Europe

Surveillance scandal rocks Greek politics like an earthquake

After resignation of spy chief and top prime minister's aide, opposition SYRIZA-PS accuses conservative government of being behind spyware use

Magda Panoutsopoulou   | 05.08.2022
Surveillance scandal rocks Greek politics like an earthquake

ATHENS

The surveillance scandal that led to the resignation of the head of Greece's National Intelligence Service as well as a top prime minister's aide, both reported Friday, has shaken the country's political scene. 

The resignations of intel chief Panagiotis Kontoleon and Prime Ministry Secretary General Grigoris Dimitriadis “constitute an admission of guilt by Mr. (Prime Minister Kyriakos) Mitsotakis over his own Watergate,” the main opposition party SYRIZA-PS said in a statement, referring to the iconic 1974 scandal that led US President Richard Nixon to step down.

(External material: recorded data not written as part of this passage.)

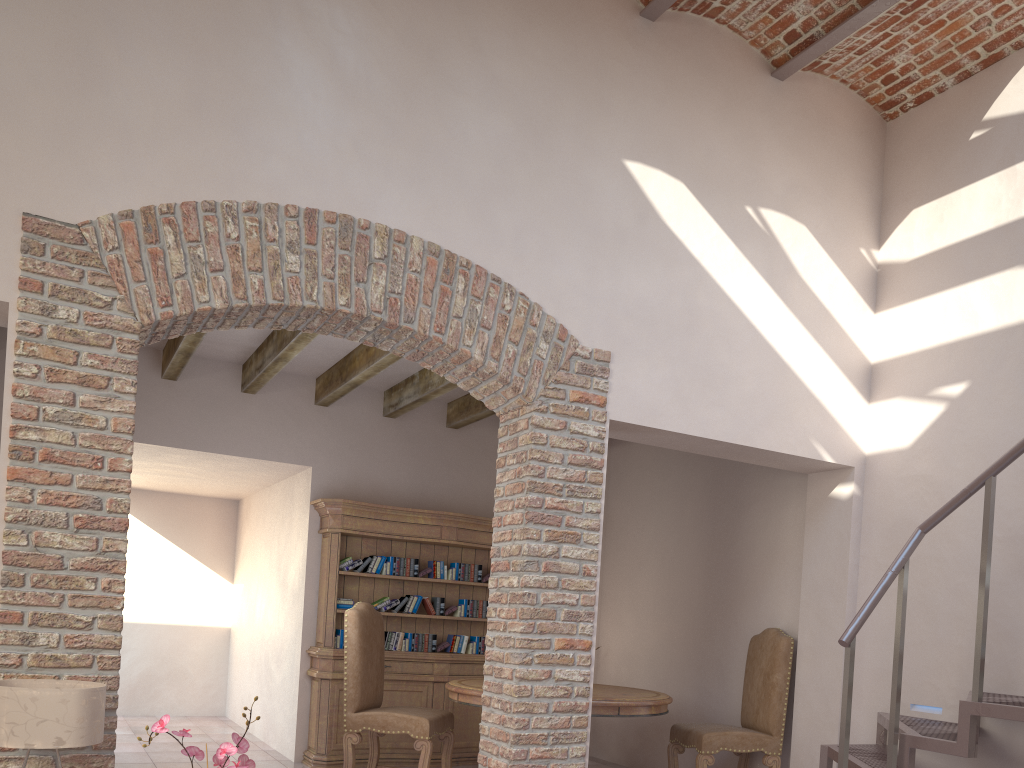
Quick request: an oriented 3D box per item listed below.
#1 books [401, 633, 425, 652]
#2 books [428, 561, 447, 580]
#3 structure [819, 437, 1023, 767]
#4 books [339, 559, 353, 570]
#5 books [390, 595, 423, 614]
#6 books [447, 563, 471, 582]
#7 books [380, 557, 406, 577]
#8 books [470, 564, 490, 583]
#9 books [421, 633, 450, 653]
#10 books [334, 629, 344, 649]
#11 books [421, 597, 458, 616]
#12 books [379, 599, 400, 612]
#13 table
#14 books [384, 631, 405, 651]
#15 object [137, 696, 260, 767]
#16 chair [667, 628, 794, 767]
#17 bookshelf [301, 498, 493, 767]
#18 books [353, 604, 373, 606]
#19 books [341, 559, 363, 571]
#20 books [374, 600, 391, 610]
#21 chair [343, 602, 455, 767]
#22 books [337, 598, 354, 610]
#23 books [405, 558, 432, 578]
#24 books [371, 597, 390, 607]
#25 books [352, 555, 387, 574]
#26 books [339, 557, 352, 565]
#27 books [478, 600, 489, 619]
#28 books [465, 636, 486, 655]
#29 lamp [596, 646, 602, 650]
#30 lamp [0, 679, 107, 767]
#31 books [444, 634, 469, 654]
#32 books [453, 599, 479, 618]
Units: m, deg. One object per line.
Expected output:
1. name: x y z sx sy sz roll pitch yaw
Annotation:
1. books: -0.789 2.024 7.108 0.186 0.141 0.135 9 -9 -29
2. books: -0.587 1.480 7.195 0.137 0.144 0.122 7 -7 -27
3. structure: -0.057 0.079 2.001 7.348 3.169 3.793 10 -11 -28
4. books: -1.279 1.363 6.819 0.142 0.098 0.123 9 -10 -27
5. books: -0.824 1.718 7.076 0.237 0.146 0.122 9 -8 -28
6. books: -0.436 1.512 7.279 0.186 0.141 0.135 9 -9 -29
7. books: -0.921 1.412 7.014 0.186 0.141 0.135 9 -9 -29
8. books: -0.256 1.549 7.375 0.230 0.144 0.122 9 -8 -28
9. books: -0.609 2.061 7.204 0.230 0.144 0.122 9 -8 -28
10. books: -1.273 1.925 6.844 0.186 0.141 0.135 9 -9 -29
11. books: -0.577 1.772 7.211 0.297 0.144 0.122 10 -8 -28
12. books: -0.951 1.712 7.008 0.145 0.102 0.123 9 -10 -27
13. table: 0.292 2.412 6.087 1.500 0.729 1.587 -6 -15 37
14. books: -0.929 1.994 7.030 0.166 0.147 0.122 8 -7 -28
15. object: -0.782 1.085 2.335 0.306 0.588 0.366 6 -4 -33
16. chair: 1.447 2.219 6.046 0.647 1.227 0.547 4 -2 -13
17. bookshelf: -0.611 2.022 7.179 2.069 1.971 0.481 8 -3 -28
18. books: -1.145 1.693 6.903 0.147 0.030 0.123 11 -16 -27
19. books: -1.214 1.374 6.854 0.145 0.102 0.123 9 -10 -27
20. books: -1.016 1.701 6.972 0.142 0.098 0.123 9 -10 -27
21. chair: -0.733 2.047 5.902 0.633 1.227 0.559 3 -2 12
22. books: -1.282 1.656 6.828 0.157 0.080 0.123 10 -12 -27
23. books: -0.741 1.450 7.111 0.230 0.144 0.122 9 -8 -28
24. books: -1.022 1.677 6.970 0.134 0.085 0.120 9 -11 -27
25. books: -1.086 1.380 6.923 0.237 0.146 0.122 9 -8 -28
26. books: -1.284 1.339 6.817 0.134 0.085 0.120 9 -11 -27
27. books: -0.190 1.851 7.422 0.230 0.144 0.122 9 -8 -28
28. books: -0.278 2.129 7.386 0.186 0.141 0.135 9 -9 -29
29. lamp: 0.569 2.661 7.701 0.337 1.114 0.237 3 0 5
30. lamp: -1.705 1.501 3.277 0.395 0.837 0.407 5 -3 -27
31. books: -0.445 2.093 7.293 0.166 0.147 0.122 8 -7 -28
32. books: -0.370 1.814 7.325 0.186 0.141 0.135 9 -9 -29

“The Maximos regime (the prime ministry) was caught red-handed, and the head of the regime, Mr. Mitsotakis, apparently not only knew but is the orchestrator of the wiretapping,” the statement continued.

Last week, Kontoleon told a parliamentary committee that his agency had been spying on journalist Thanasis Koukakis.

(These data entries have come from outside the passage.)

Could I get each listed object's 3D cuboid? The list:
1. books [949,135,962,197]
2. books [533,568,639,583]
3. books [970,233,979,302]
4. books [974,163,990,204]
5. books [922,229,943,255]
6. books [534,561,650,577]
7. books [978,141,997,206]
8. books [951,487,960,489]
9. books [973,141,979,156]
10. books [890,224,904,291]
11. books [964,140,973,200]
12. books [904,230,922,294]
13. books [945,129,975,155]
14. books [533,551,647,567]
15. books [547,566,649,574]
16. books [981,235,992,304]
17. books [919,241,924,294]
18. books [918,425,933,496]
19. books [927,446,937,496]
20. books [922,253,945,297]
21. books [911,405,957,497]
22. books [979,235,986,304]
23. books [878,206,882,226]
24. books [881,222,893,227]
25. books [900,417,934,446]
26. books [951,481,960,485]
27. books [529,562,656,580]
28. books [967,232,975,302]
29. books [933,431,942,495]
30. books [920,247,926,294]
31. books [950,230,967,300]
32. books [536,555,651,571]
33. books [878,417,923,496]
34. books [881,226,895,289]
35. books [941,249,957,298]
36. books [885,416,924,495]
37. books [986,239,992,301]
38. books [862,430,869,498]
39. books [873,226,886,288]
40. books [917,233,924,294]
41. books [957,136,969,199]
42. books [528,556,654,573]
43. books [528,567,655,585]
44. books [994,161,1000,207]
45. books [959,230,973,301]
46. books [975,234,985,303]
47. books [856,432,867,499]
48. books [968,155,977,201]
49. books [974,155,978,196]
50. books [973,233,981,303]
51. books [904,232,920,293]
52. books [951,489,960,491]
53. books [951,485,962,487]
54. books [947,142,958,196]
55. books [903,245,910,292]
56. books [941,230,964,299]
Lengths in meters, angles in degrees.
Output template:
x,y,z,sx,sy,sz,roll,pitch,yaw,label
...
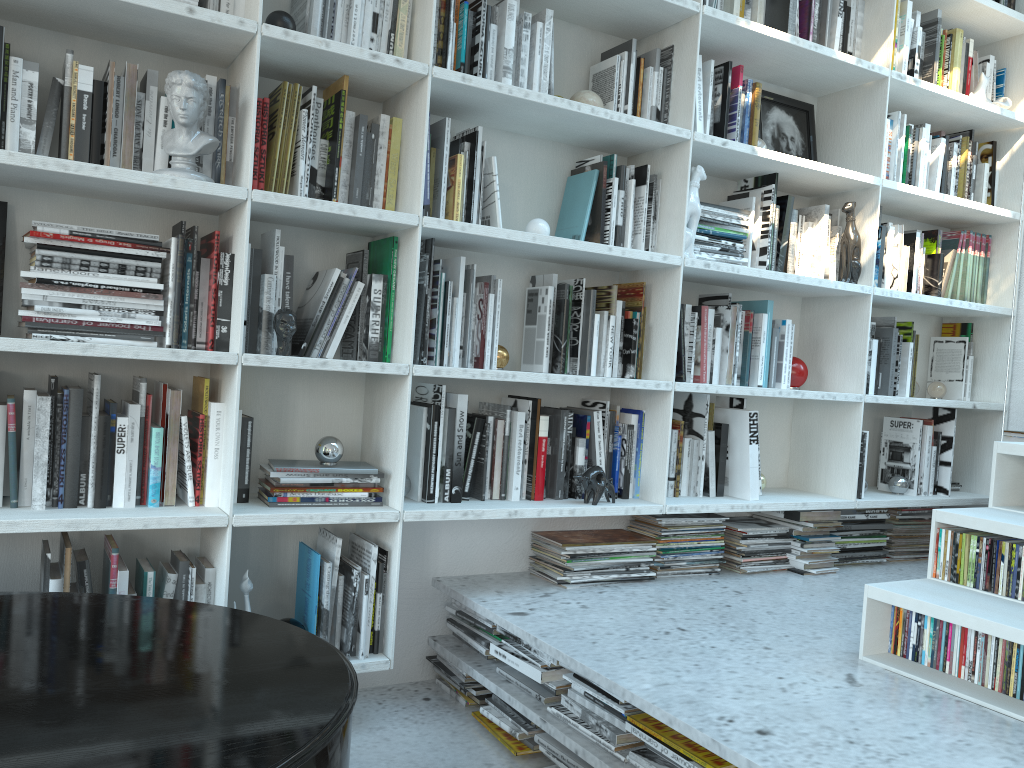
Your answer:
x,y,z,sx,sy,sz,roll,pitch,yaw,label
1.684,-0.819,3.483,0.012,0.283,0.151,3,2,-30,books
0.247,0.584,2.767,0.308,0.008,0.195,3,1,-34,books
1.776,-0.451,3.552,0.018,0.293,0.169,3,2,-30,books
1.804,-0.768,3.546,0.029,0.195,0.192,3,2,-30,books
1.583,-0.454,3.458,0.026,0.278,0.169,3,2,-30,books
0.248,0.569,2.767,0.308,0.008,0.195,3,1,-26,books
1.853,-0.814,3.576,0.042,0.292,0.186,3,2,-30,books
1.701,0.413,3.585,0.177,0.009,0.112,3,1,-26,books
1.781,-0.814,3.548,0.013,0.283,0.149,3,2,-30,books
1.380,-0.457,3.324,0.056,0.261,0.176,3,2,-30,books
1.716,-0.810,3.494,0.028,0.268,0.173,3,2,-30,books
1.473,-0.451,3.395,0.029,0.259,0.171,3,2,-30,books
1.768,-0.839,3.549,0.013,0.330,0.140,3,2,-30,books
0.247,0.538,2.776,0.308,0.008,0.195,3,1,-30,books
0.246,0.561,2.771,0.308,0.008,0.195,3,1,-28,books
1.842,-0.447,3.583,0.018,0.293,0.169,3,2,-30,books
1.521,-0.443,3.436,0.025,0.249,0.133,3,2,-30,books
1.515,0.284,3.388,0.031,0.266,0.168,3,2,-30,books
1.543,0.324,3.414,0.024,0.188,0.176,3,2,-30,books
1.571,-0.406,3.424,0.024,0.181,0.191,3,2,-30,books
1.622,0.256,3.435,0.010,0.336,0.185,3,2,-30,books
1.821,-0.448,3.583,0.018,0.293,0.169,3,2,-30,books
1.301,-0.492,3.299,0.012,0.322,0.141,3,2,-30,books
1.340,-0.462,3.315,0.022,0.265,0.157,3,2,-30,books
1.565,0.276,3.429,0.047,0.288,0.141,3,2,-30,books
1.699,0.396,3.590,0.198,0.008,0.111,3,1,-30,books
0.249,0.576,2.764,0.346,0.007,0.193,3,1,-25,books
1.758,-0.452,3.547,0.018,0.293,0.169,3,2,-30,books
1.592,0.300,3.450,0.024,0.243,0.140,3,2,-30,books
1.536,-0.421,3.449,0.014,0.207,0.138,3,2,-30,books
1.706,-0.455,3.517,0.033,0.294,0.169,3,2,-30,books
0.252,0.547,2.765,0.308,0.008,0.195,3,1,-35,books
1.471,0.272,3.363,0.012,0.285,0.159,3,2,-30,books
1.325,-0.453,3.293,0.026,0.246,0.180,3,2,-30,books
1.636,-0.417,3.478,0.088,0.217,0.167,3,2,-30,books
1.488,0.273,3.392,0.012,0.285,0.159,3,2,-30,books
1.853,-0.446,3.601,0.018,0.293,0.169,3,2,-30,books
1.201,0.280,3.188,0.030,0.238,0.151,3,2,-30,books
1.292,-0.453,3.276,0.022,0.243,0.170,3,2,-30,books
1.507,-0.447,3.424,0.012,0.254,0.160,3,2,-30,books
1.697,-0.816,3.486,0.013,0.277,0.188,3,2,-30,books
0.248,0.554,2.772,0.346,0.007,0.193,3,1,-32,books
0.247,0.591,2.767,0.346,0.007,0.193,3,1,-26,books
1.877,-0.776,3.594,0.021,0.219,0.184,3,2,-30,books
1.734,-0.453,3.517,0.018,0.293,0.169,3,2,-30,books
1.808,-0.449,3.570,0.018,0.293,0.169,3,2,-30,books
1.182,0.282,3.175,0.014,0.233,0.183,3,2,-30,books
1.738,-0.780,3.507,0.025,0.211,0.188,3,2,-30,books
1.755,-0.784,3.527,0.025,0.220,0.177,3,2,-30,books
1.790,-0.450,3.565,0.018,0.293,0.169,3,2,-30,books
1.456,-0.446,3.374,0.022,0.247,0.181,3,2,-30,books
1.702,0.422,3.583,0.198,0.008,0.111,3,1,-35,books
1.702,0.405,3.584,0.198,0.008,0.111,3,1,-26,books
1.663,-0.806,3.482,0.025,0.252,0.160,3,2,-30,books
1.411,-0.419,3.344,0.023,0.189,0.169,3,2,-30,books
1.673,-0.454,3.498,0.072,0.291,0.169,3,2,-30,books

The committee's closed-door hearing came after Nikos Androulakis, leader of the socialist opposition PASOK party, complained to top prosecutors about an attempt to hack his cellphone with Israeli-made Predator tracking software.

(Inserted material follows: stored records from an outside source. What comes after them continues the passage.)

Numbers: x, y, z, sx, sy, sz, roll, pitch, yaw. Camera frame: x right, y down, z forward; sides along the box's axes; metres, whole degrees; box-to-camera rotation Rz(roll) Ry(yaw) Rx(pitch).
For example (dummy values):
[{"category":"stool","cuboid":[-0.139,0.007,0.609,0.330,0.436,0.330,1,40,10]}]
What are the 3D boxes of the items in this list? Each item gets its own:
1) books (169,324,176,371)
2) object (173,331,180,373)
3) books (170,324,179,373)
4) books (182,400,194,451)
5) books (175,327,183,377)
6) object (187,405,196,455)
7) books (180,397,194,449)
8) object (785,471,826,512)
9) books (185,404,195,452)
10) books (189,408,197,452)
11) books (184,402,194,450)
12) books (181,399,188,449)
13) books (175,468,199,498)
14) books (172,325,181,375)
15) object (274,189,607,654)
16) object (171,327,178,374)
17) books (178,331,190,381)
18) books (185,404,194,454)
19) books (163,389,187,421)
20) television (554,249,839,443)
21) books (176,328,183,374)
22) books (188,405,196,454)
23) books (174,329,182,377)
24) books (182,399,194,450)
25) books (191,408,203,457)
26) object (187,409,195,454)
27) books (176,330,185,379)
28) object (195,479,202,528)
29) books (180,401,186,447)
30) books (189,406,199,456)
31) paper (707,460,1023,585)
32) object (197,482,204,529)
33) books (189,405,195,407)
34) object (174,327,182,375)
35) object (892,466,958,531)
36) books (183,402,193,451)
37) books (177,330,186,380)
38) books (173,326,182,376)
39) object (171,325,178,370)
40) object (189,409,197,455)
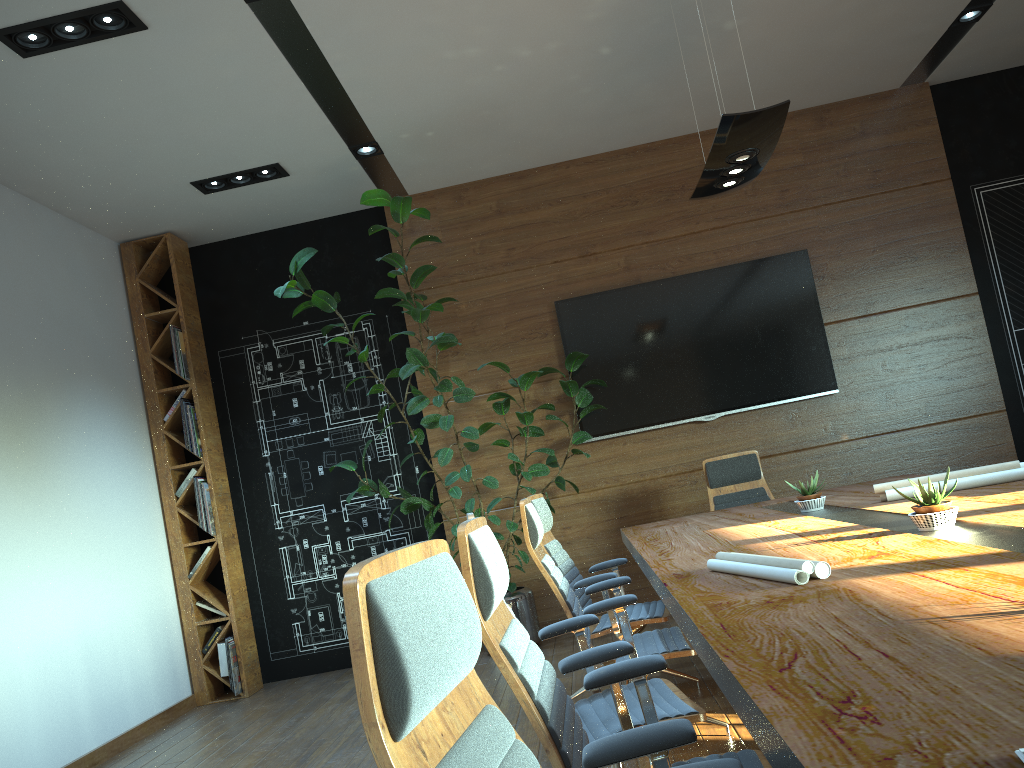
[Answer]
[{"category":"books","cuboid":[1.276,-1.050,6.850,8.004,0.389,0.399,-11,-5,4]},{"category":"object","cuboid":[1.282,-1.025,6.857,7.955,0.389,0.399,-11,-5,4]},{"category":"books","cuboid":[1.277,-1.047,6.853,7.996,0.392,0.399,-11,-5,4]},{"category":"books","cuboid":[-2.511,0.340,7.055,0.016,0.400,0.388,-11,-5,3]},{"category":"books","cuboid":[1.284,-1.013,6.856,7.918,0.398,0.399,-11,-5,4]},{"category":"object","cuboid":[-2.468,0.376,7.054,0.006,0.389,0.399,-11,-5,3]},{"category":"books","cuboid":[-2.532,0.322,7.059,0.024,0.402,0.392,-11,-5,3]},{"category":"object","cuboid":[1.434,0.522,4.298,0.153,0.187,0.178,-10,-5,-8]},{"category":"books","cuboid":[-2.494,0.360,7.056,0.016,0.380,0.397,-11,-5,3]},{"category":"books","cuboid":[1.404,-0.399,6.810,7.896,0.392,0.399,-11,-5,4]},{"category":"books","cuboid":[-2.500,0.353,7.060,0.016,0.387,0.392,-11,-5,3]},{"category":"books","cuboid":[-2.525,0.333,7.062,0.023,0.389,0.387,-11,-5,3]},{"category":"books","cuboid":[1.475,-0.034,6.754,8.426,0.207,0.176,-11,-5,4]},{"category":"books","cuboid":[1.279,-1.037,6.851,7.971,0.394,0.399,-11,-5,4]},{"category":"object","cuboid":[-0.456,0.367,6.728,2.032,3.356,1.691,-6,-7,-45]},{"category":"object","cuboid":[1.278,-1.041,6.857,7.988,0.389,0.399,-11,-5,4]},{"category":"books","cuboid":[1.289,-0.985,6.846,7.868,0.388,0.399,-11,-5,4]},{"category":"books","cuboid":[-2.483,0.367,7.056,0.006,0.388,0.394,-11,-5,3]},{"category":"books","cuboid":[1.359,-0.632,6.841,8.421,0.230,0.239,-11,-5,4]},{"category":"television","cuboid":[1.445,-0.282,7.025,2.031,1.176,0.075,-11,-4,3]},{"category":"books","cuboid":[1.285,-1.007,6.852,7.909,0.395,0.399,-11,-5,4]},{"category":"books","cuboid":[-2.464,0.378,7.057,0.006,0.392,0.399,-11,-5,3]},{"category":"books","cuboid":[1.283,-1.013,6.847,7.937,0.380,0.397,-11,-5,4]},{"category":"books","cuboid":[-2.521,0.333,7.059,0.023,0.396,0.389,-11,-5,3]},{"category":"books","cuboid":[1.407,-0.389,6.810,7.874,0.389,0.399,-11,-5,4]},{"category":"object","cuboid":[-2.477,0.374,7.057,0.006,0.382,0.385,-11,-5,3]},{"category":"books","cuboid":[1.287,-0.995,6.847,7.899,0.382,0.401,-11,-5,4]},{"category":"object","cuboid":[1.511,0.143,6.767,8.019,0.388,0.394,-11,-5,4]},{"category":"books","cuboid":[-2.535,0.329,7.065,0.023,0.382,0.402,-11,-5,3]},{"category":"books","cuboid":[1.405,-0.397,6.804,7.887,0.394,0.399,-11,-5,4]},{"category":"paper","cuboid":[1.298,0.469,3.212,0.632,0.083,2.236,-17,-9,43]},{"category":"object","cuboid":[1.514,0.158,6.763,7.989,0.390,0.387,-11,-5,4]},{"category":"books","cuboid":[-2.473,0.374,7.064,0.006,0.389,0.399,-11,-5,3]},{"category":"object","cuboid":[1.283,-1.015,6.856,7.927,0.395,0.399,-11,-5,4]},{"category":"object","cuboid":[1.328,0.366,2.815,0.154,0.187,0.177,-16,-7,43]},{"category":"books","cuboid":[-2.504,0.350,7.062,0.016,0.388,0.394,-11,-5,3]},{"category":"books","cuboid":[1.288,-0.991,6.853,7.877,0.396,0.400,-11,-5,4]},{"category":"books","cuboid":[1.281,-1.026,6.847,7.947,0.396,0.392,-11,-5,4]},{"category":"object","cuboid":[1.279,-1.039,6.857,7.980,0.392,0.399,-11,-5,4]},{"category":"object","cuboid":[-2.458,0.383,7.061,0.006,0.389,0.399,-11,-5,3]}]

“We assure Mr. Mitsotakis that nothing will be left in the dark,” the statement said.

“Everything will be investigated to the end, and (Mitsotakis) himself will answer for this unprecedented illegal and undemocratic post-junta deviation that he attempted in order to establish his regime," it added, referring to the Greek junta regime of 1967 to 1974.

The government should either proceed with immediate relevant prosecutions or resign, the left-wing Mera25 party said in a statement.

“Who if not the government is behind the illegal spyware in Greece?” said Inside Story, a Greek independent investigative journalism website.

Sophie in ‘t Veld, a Dutch MEP, called the scandal “Watergate on steroids.”

“Remarkable development in Greece in connection with the Predator spyware scandal. Top aide (and nephew) of PM Mitsotakis resigned,” she said on Twitter.

Criticism came also from German-based NGO the European Centre for Press and Media Freedom, which accused the government of doing nothing to find out who is behind the use of the spyware.

“If we believe that the government has nothing to do with (the spyware), then it’s strange that the Greek authorities, for many months, have done nothing to find out who’s using this powerful malware,” the group said.